REQUIRED WORK
In the copy, keep every word of the data below and none of its pictures.

Source records
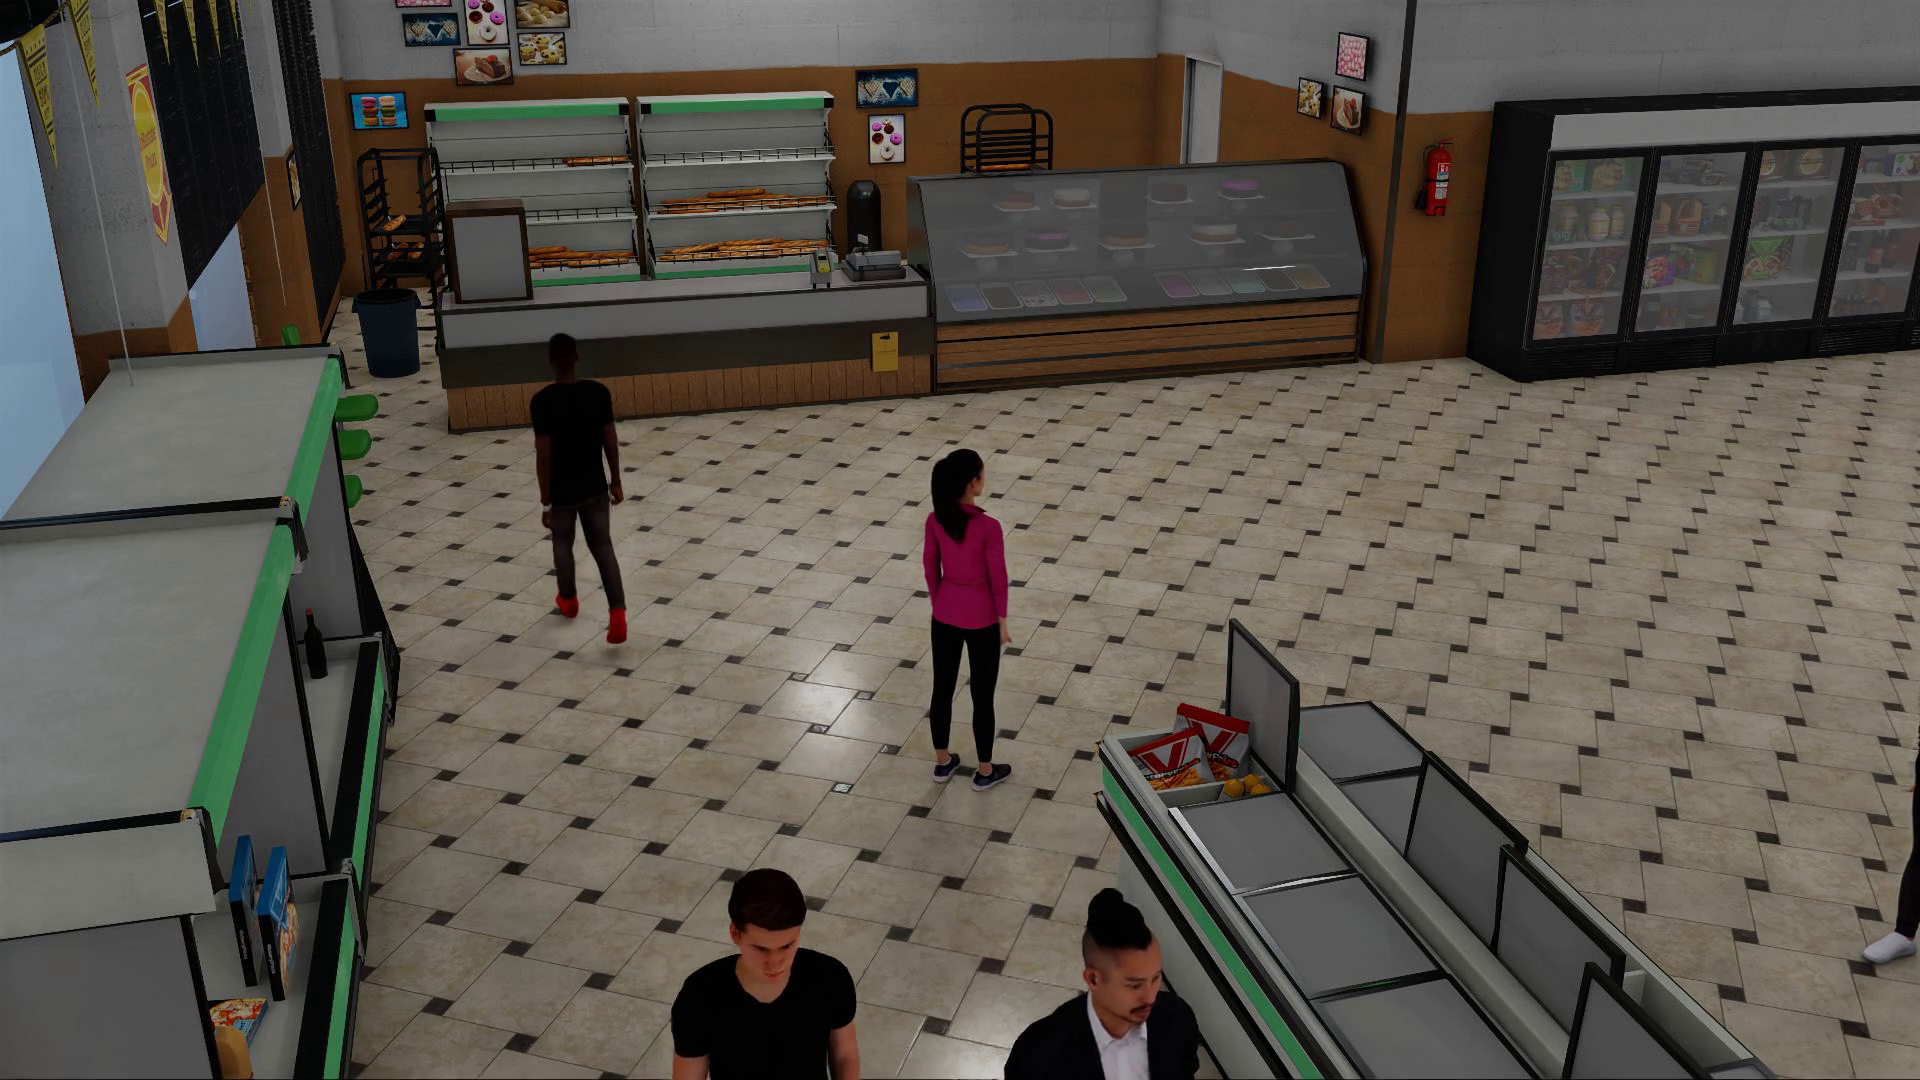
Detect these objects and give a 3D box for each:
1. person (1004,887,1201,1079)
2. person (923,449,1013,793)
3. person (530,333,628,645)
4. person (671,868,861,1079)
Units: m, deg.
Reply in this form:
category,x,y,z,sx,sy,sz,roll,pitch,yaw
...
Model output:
category,x,y,z,sx,sy,sz,roll,pitch,yaw
person,0.281,1.690,4.395,0.937,1.913,1.233,-12,25,-27
person,0.019,0.385,7.930,0.682,1.700,0.739,12,25,27
person,-2.132,-0.255,9.414,0.881,1.780,1.264,-12,25,-26
person,-0.536,1.628,4.648,0.749,1.839,1.248,-3,22,-6
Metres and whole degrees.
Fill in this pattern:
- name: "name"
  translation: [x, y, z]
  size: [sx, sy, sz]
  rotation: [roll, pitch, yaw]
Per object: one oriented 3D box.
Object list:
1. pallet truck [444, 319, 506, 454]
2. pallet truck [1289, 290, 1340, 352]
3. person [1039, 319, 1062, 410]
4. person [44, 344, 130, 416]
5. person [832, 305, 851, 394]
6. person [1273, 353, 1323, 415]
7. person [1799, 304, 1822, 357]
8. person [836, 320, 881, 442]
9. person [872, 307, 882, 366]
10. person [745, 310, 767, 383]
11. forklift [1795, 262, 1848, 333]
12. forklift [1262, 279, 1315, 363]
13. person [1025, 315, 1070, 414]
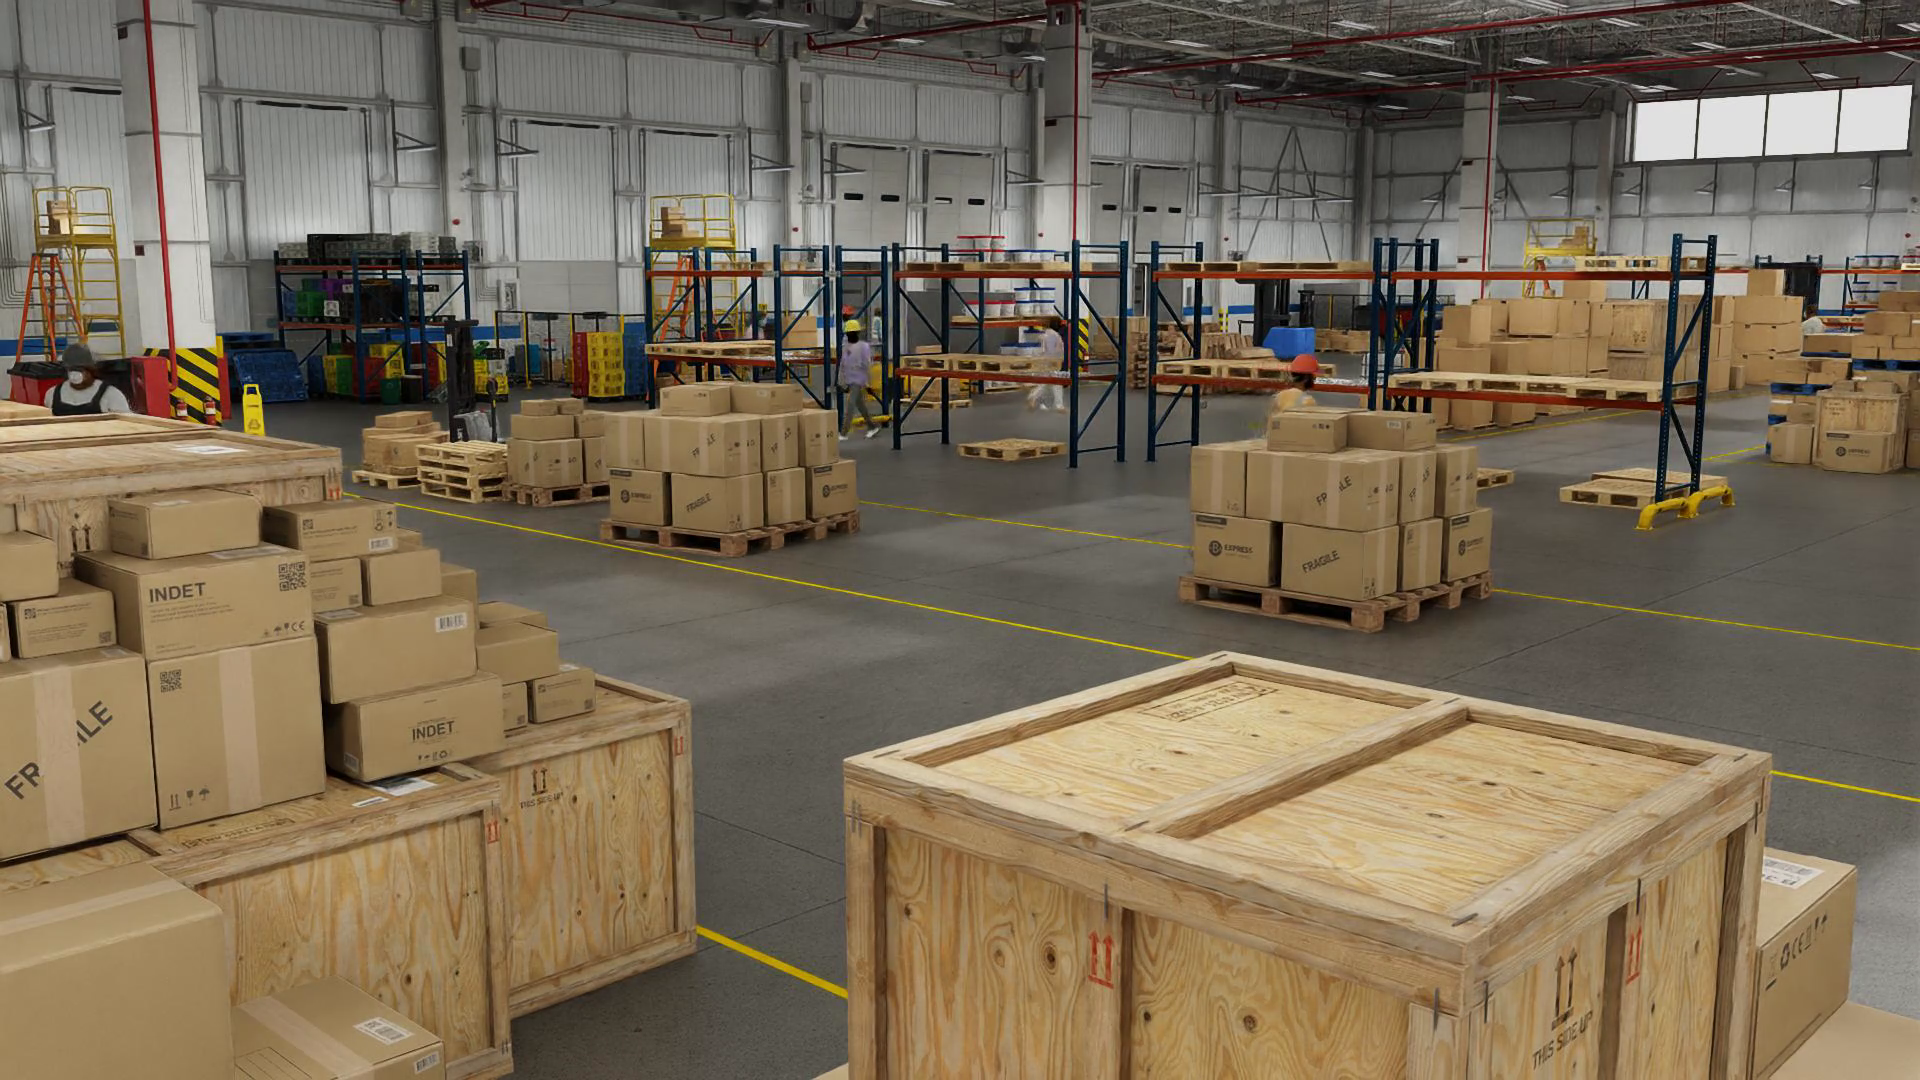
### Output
- name: "pallet truck"
  translation: [-6.981, -1.942, 22.150]
  size: [1.885, 1.965, 0.823]
  rotation: [1, 9, 9]
- name: "pallet truck"
  translation: [11.297, -6.951, 52.861]
  size: [1.885, 1.965, 0.823]
  rotation: [-5, 11, -29]
- name: "person"
  translation: [1.729, -3.329, 31.465]
  size: [0.488, 1.736, 0.321]
  rotation: [-5, 11, -28]
- name: "person"
  translation: [-7.485, -0.666, 14.194]
  size: [0.705, 2.000, 0.682]
  rotation: [-1, 9, -6]
- name: "person"
  translation: [-2.467, -4.040, 35.350]
  size: [0.563, 1.884, 0.967]
  rotation: [4, 10, 23]
- name: "person"
  translation: [3.090, -0.704, 14.848]
  size: [0.906, 1.899, 0.571]
  rotation: [-4, 10, -21]
- name: "person"
  translation: [17.399, -3.858, 34.081]
  size: [0.636, 1.936, 0.355]
  rotation: [-8, 12, -40]
- name: "person"
  translation: [-1.598, -2.482, 25.839]
  size: [0.995, 1.886, 0.593]
  rotation: [-8, 12, -41]
- name: "person"
  translation: [-2.201, -5.399, 44.480]
  size: [0.312, 1.633, 0.519]
  rotation: [-2, 9, -11]
- name: "person"
  translation: [-3.842, -3.289, 30.739]
  size: [0.591, 1.907, 0.666]
  rotation: [1, 9, 9]
- name: "forklift"
  translation: [22.020, -5.835, 43.317]
  size: [1.873, 2.768, 1.129]
  rotation: [9, 13, 43]
- name: "forklift"
  translation: [8.555, -6.090, 44.881]
  size: [1.873, 2.768, 1.129]
  rotation: [9, 13, 43]
- name: "person"
  translation: [1.627, -3.219, 30.571]
  size: [0.771, 1.814, 0.627]
  rotation: [0, 9, -2]

TASK RESULT
Detect these objects and give a 3D box for each:
1. person (1004,887,1201,1079)
2. person (923,449,1013,793)
3. person (530,333,628,645)
4. person (671,868,861,1079)
Units: m, deg.
Reply in this form:
category,x,y,z,sx,sy,sz,roll,pitch,yaw
...
Model output:
category,x,y,z,sx,sy,sz,roll,pitch,yaw
person,0.281,1.690,4.395,0.937,1.913,1.233,-12,25,-27
person,0.019,0.385,7.930,0.682,1.700,0.739,12,25,27
person,-2.132,-0.255,9.414,0.881,1.780,1.264,-12,25,-26
person,-0.536,1.628,4.648,0.749,1.839,1.248,-3,22,-6
Metres and whole degrees.
Fill in this pattern:
- name: "name"
  translation: [x, y, z]
  size: [sx, sy, sz]
  rotation: [roll, pitch, yaw]
Per object: one oriented 3D box.
Object list:
1. pallet truck [444, 319, 506, 454]
2. pallet truck [1289, 290, 1340, 352]
3. person [1039, 319, 1062, 410]
4. person [44, 344, 130, 416]
5. person [832, 305, 851, 394]
6. person [1273, 353, 1323, 415]
7. person [1799, 304, 1822, 357]
8. person [836, 320, 881, 442]
9. person [872, 307, 882, 366]
10. person [745, 310, 767, 383]
11. forklift [1795, 262, 1848, 333]
12. forklift [1262, 279, 1315, 363]
13. person [1025, 315, 1070, 414]
### Output
- name: "pallet truck"
  translation: [-6.981, -1.942, 22.150]
  size: [1.885, 1.965, 0.823]
  rotation: [1, 9, 9]
- name: "pallet truck"
  translation: [11.297, -6.951, 52.861]
  size: [1.885, 1.965, 0.823]
  rotation: [-5, 11, -29]
- name: "person"
  translation: [1.729, -3.329, 31.465]
  size: [0.488, 1.736, 0.321]
  rotation: [-5, 11, -28]
- name: "person"
  translation: [-7.485, -0.666, 14.194]
  size: [0.705, 2.000, 0.682]
  rotation: [-1, 9, -6]
- name: "person"
  translation: [-2.467, -4.040, 35.350]
  size: [0.563, 1.884, 0.967]
  rotation: [4, 10, 23]
- name: "person"
  translation: [3.090, -0.704, 14.848]
  size: [0.906, 1.899, 0.571]
  rotation: [-4, 10, -21]
- name: "person"
  translation: [17.399, -3.858, 34.081]
  size: [0.636, 1.936, 0.355]
  rotation: [-8, 12, -40]
- name: "person"
  translation: [-1.598, -2.482, 25.839]
  size: [0.995, 1.886, 0.593]
  rotation: [-8, 12, -41]
- name: "person"
  translation: [-2.201, -5.399, 44.480]
  size: [0.312, 1.633, 0.519]
  rotation: [-2, 9, -11]
- name: "person"
  translation: [-3.842, -3.289, 30.739]
  size: [0.591, 1.907, 0.666]
  rotation: [1, 9, 9]
- name: "forklift"
  translation: [22.020, -5.835, 43.317]
  size: [1.873, 2.768, 1.129]
  rotation: [9, 13, 43]
- name: "forklift"
  translation: [8.555, -6.090, 44.881]
  size: [1.873, 2.768, 1.129]
  rotation: [9, 13, 43]
- name: "person"
  translation: [1.627, -3.219, 30.571]
  size: [0.771, 1.814, 0.627]
  rotation: [0, 9, -2]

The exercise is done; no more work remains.